Annie (1982)    0 Stars

“The movie of ‘Tomorrow'”

Annie (1982)

Director: John Huston

Cast: Aileen Quinn, Albert Finney, Carol Burnett

Synopsis: A young orphan girl’s adventures in finding a family that will take her.

 

 

 

Annie was a huge hit on Broadway in 1977, but there still seems something odd about making a movie adaptation of it five years later. Despite their popularity in the theatre, old style musicals were distinctly out of favour in the movie business. A major success like Grease might come along every now and then, but they were the exception that proved the rule. Annie, however, with its origins in the comic strip which first saw the light of day back in the 1920s, is a distinct throwback to the musicals of the 1950s, and must have seemed old fashioned even back in 1982. Just as strange is the decision to hire ailing 75-year-old John Huston, who had never before worked on a musical, to be its director. You’d be forgiven for expecting the movie to be an unmitigated disaster but, surprisingly, it’s fairly tolerable entertainment which remains refreshingly free of any saccharine sentiment. And although it never made any money at the box office because of its high production costs, Annie was still the 10th most popular movie of 1982.

11-year-old Aileen Quinn plays the title role of Annie, a lovable orphan who, when we first meet her, lives at a neglected orphanage run by the alcoholic Mrs. Hannigan (Carol Burnett) Given that she’s forever ordering her charges to clean the place as punishment for not being miserable enough, it’s surprising just how grimy the orphanage is. It’s also mystifying just how an obvious lush like Hannigan could hold down a job in which she’s responsible for the lives of a dozen or more kids. Anyway, although life’s pretty miserable at the orphanage, the girls keep their spirits up by singing such jaunty numbers as ‘It’s the Hard-Knock Life,’ much to Hannigan’s annoyance.

One day, the orphanage is visited by Grace Farrell (Ann Reinking), the personal secretary of the billionaire ‘Daddy’ Oliver Warbucks (a shaven-headed Albert Finney) who essentially wants to rent an orphan for one week. Over the protests of Hannigan, Grace selects Annie, who soon finds herself living in the lap of luxury at Warbucks’ palatial mansion. And it’s not long before she’s melting the hard-headed industrialist’s heart. However, when he tells Annie that he wants to adopt her, she is unexpectedly reluctant, and explains that she still harbours hopes of being reunited with the parents who left her at the orphanage when she was a babe. Overcoming his disappointment, Warbuck orchestrates a national publicity campaign in a bid to locate them. Unfortunately, his offer of $50,000 to the couple backfires when thousands of chancers turn up at his mansion posing as her long-lost mother and father.

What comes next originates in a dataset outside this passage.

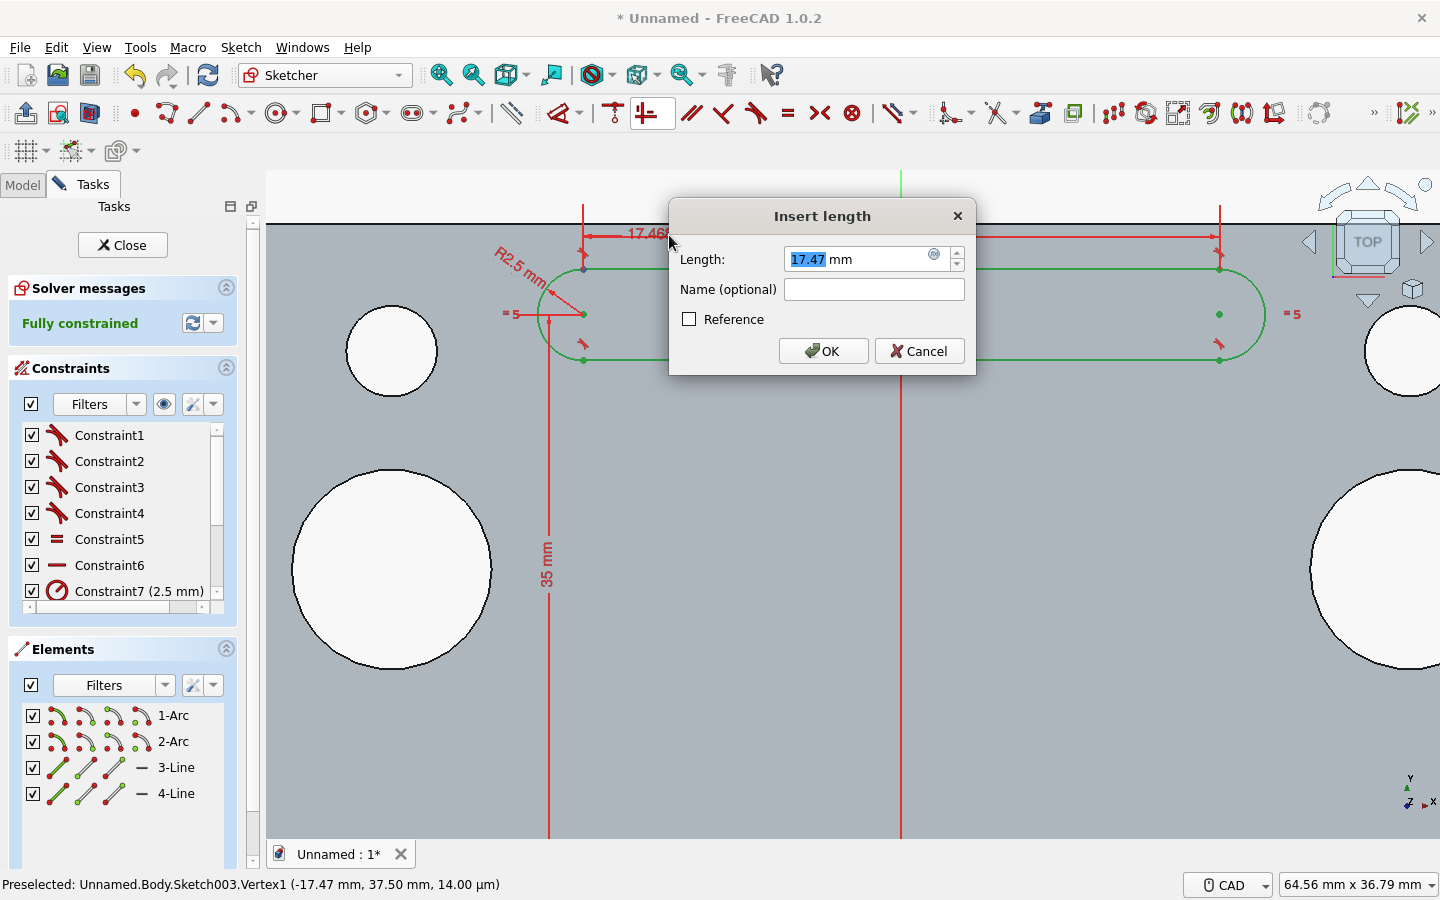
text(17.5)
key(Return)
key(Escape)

The 1930s setting of Annie serves even further to deceive the viewer into believing they’re watching some glossy musical from a bygone era — which, technically, we are, but you know what I mean — particularly given the terrific job made of recreating depression-era America’s city streets and the urchins who inhabited them. But for all the money that has clearly been spent on it, the movie lacks a heart, and its ordinary story prevents us from growing too close to the characters. Certainly, none of the adults receive enough screen time to develop really memorable characters, and simply seem to be satellites caught in an orbit around the title character. Quinn does a capable job of playing Annie without getting too cute about it, and Burnett savours the showiest role as the execrable Mrs Hannigan, but the rest of the cast — including the usually reliable Mr. Finney — tend to blend into the background.